Abstenerse y seguir criticando ni es constructivo ni facilita la convivencia.

Cuando se aproximan los períodos electorales oímos decir cosas como “todos son iguales”, ”no entiendo de política”, “eso es cosa de políticos”, y otras expresiones similares.

¿Cuál es la causa? En muchos casos, tal vez el hartazgo y la decepción ante la falta de soluciones a los problemas de cada día, la corrupción, el lenguaje bronco y obstruccionista de unos y otros en función de las circunstancias y otras  razones de cada elector.

Muchos de los que así se expresan optan por la abstención, que la clase política suele interpretar arrimando el ascua a su sardina: el tiempo –sea bueno o malo-, falta de espíritu ciudadano, etc. Raramente hacen una reflexión seria y objetiva sobre quienes no votan.

Diferente sería la situación si quedaran vacíos los escaños proporcionales al número de ciudadanos que se han abstenido. Pero, dado que ni en los  tratados de Derecho Político ni en nuestra legislación se contempla esta posibilidad, la única forma de evitar que otros elucubren sobre las motivaciones de los abstencionistas, es votar.

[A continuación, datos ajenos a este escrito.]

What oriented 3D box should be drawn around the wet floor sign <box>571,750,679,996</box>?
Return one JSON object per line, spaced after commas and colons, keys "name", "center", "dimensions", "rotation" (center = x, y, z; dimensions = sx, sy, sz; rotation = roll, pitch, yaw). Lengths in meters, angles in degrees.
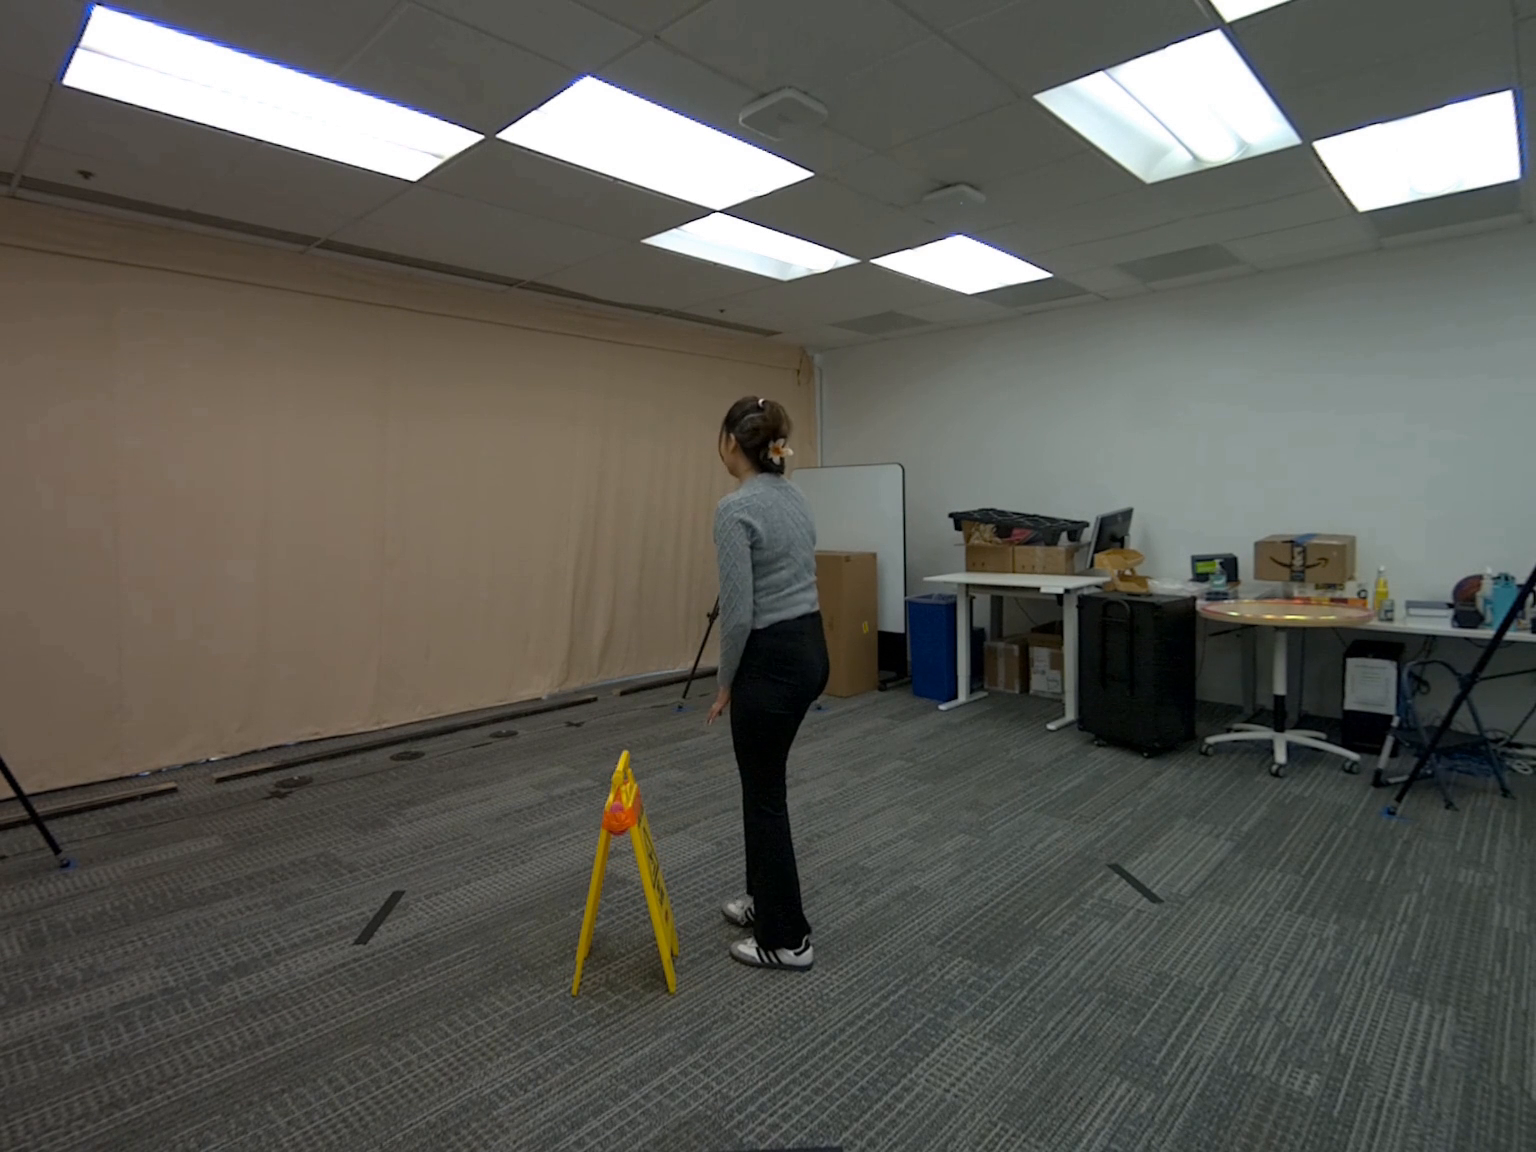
{"name": "wet floor sign", "center": [-0.427, 0.865, 2.526], "dimensions": [0.289, 0.645, 0.283], "rotation": [-2, 1, -2]}
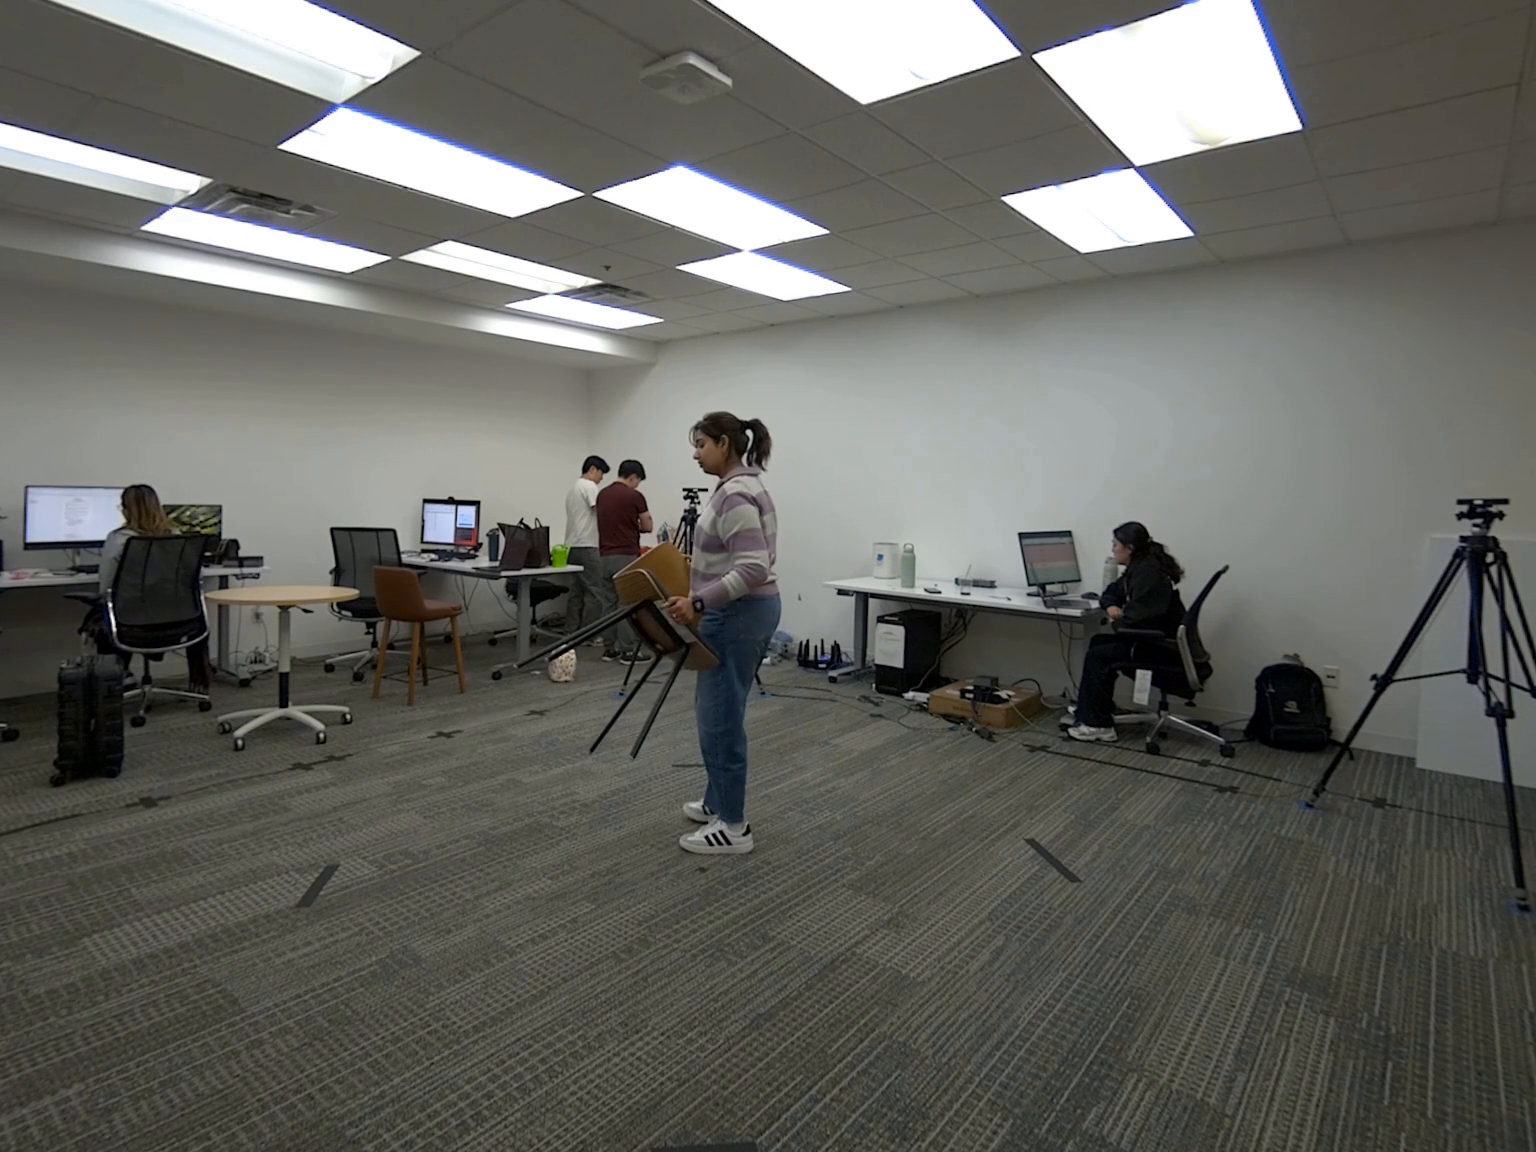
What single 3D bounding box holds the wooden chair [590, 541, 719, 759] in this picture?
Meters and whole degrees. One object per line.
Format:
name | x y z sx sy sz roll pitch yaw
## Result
wooden chair | -0.442 0.207 3.194 0.876 0.471 0.532 -47 14 -31
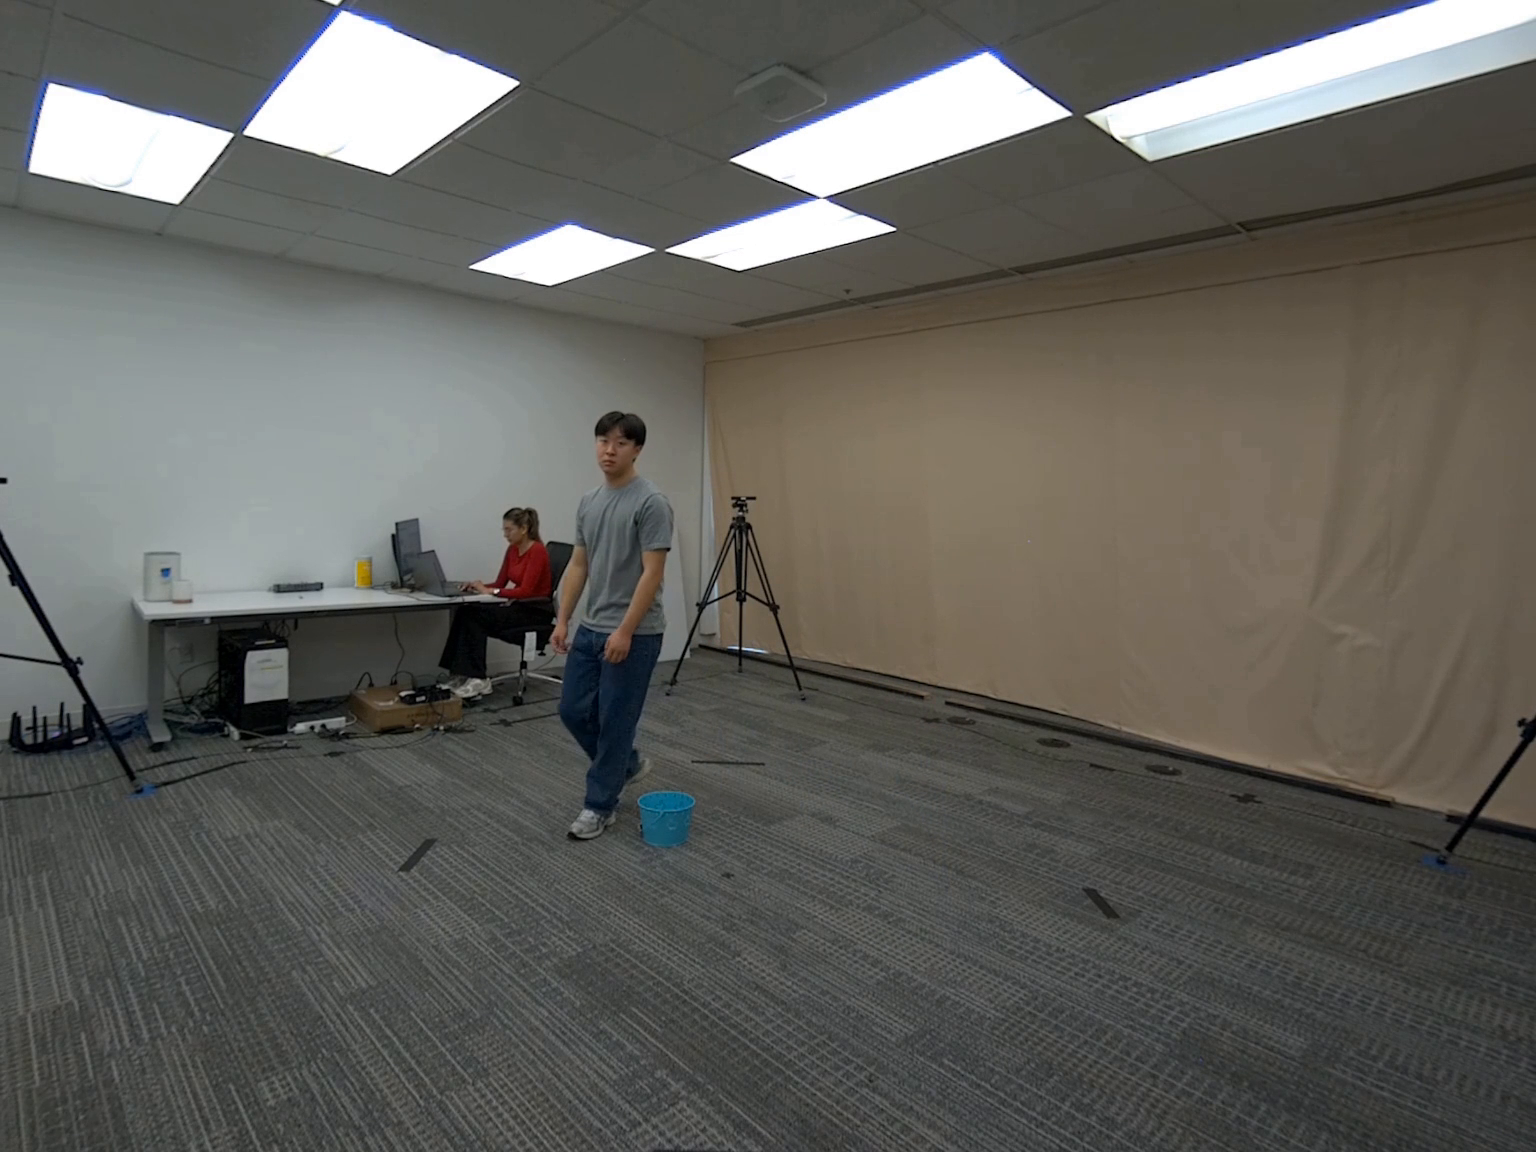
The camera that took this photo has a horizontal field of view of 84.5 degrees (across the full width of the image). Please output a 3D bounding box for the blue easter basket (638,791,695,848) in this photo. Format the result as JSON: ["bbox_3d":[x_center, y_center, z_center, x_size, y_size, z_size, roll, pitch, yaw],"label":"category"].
[{"bbox_3d":[-0.429,0.993,3.438,0.243,0.155,0.244,2,5,-2],"label":"blue easter basket"}]

Una parte de los que se abstienen, suelen argumentar que no están conformes con el sistema vigente o que su voto es inútil, pero estos descontentos olvidan que los cambios se promueven desde dentro del sistema: ni el caos ni el tancredismo son las soluciones.

Lo más sano para la convivencia y para dar solución a los problemas de la sociedad, es promover la participación.

Y si ninguna de las opciones partidarias que se ofrecen colma nuestros deseos de forma plena, tal vez deberíamos aplicarnos alguno de nuestros sabios refranes: “lo mejor es enemigo de lo bueno”, “más vale lo malo conocido que lo bueno por conocer”, o, incluso, acudir a depositar la papeleta con una pinza en la nariz.

Aún quedaría la opción de voto en blanco, generalmente fruto de una seria reflexión, olvidado y hasta despreciado, pese a ser tan legítimo que el voto partidario.

Esta sería la única forma de conocer con una cierta aproximación, cuál es la forma de pensar de la mayoría social, y, a partir de ahí, hay que admitir la legitimidad de sus decisiones y respetarlas.

Tras unas elecciones, continuar con las críticas cerriles es incongruente y destructivo, al tiempo que pone de manifiesto una escasa capacidad para la convivencia.

El voto, según la Constitución, es un derecho, y su ejercicio debería llevarse a cabo con sentido de la responsabilidad, dada su trascendencia.

La memoria del pasado más próximo, el nivel de cumplimiento de promesas electorales anteriores, distinguir entre promesas posibles y utópicas, separar el grano de la paja…, nos permitirán formar una opinión seria y responsable.

Con estos principios, entre otros, el votante podrá aproximarse al nivel de credibilidad de cada opción política; actitud más saludable para la convivencia que el voto irreflexivo y visceral.

Hay que evitar que interpreten nuestra opinión y, en la próxima convocatoria electoral, podremos rectificar si nos hemos equivocado.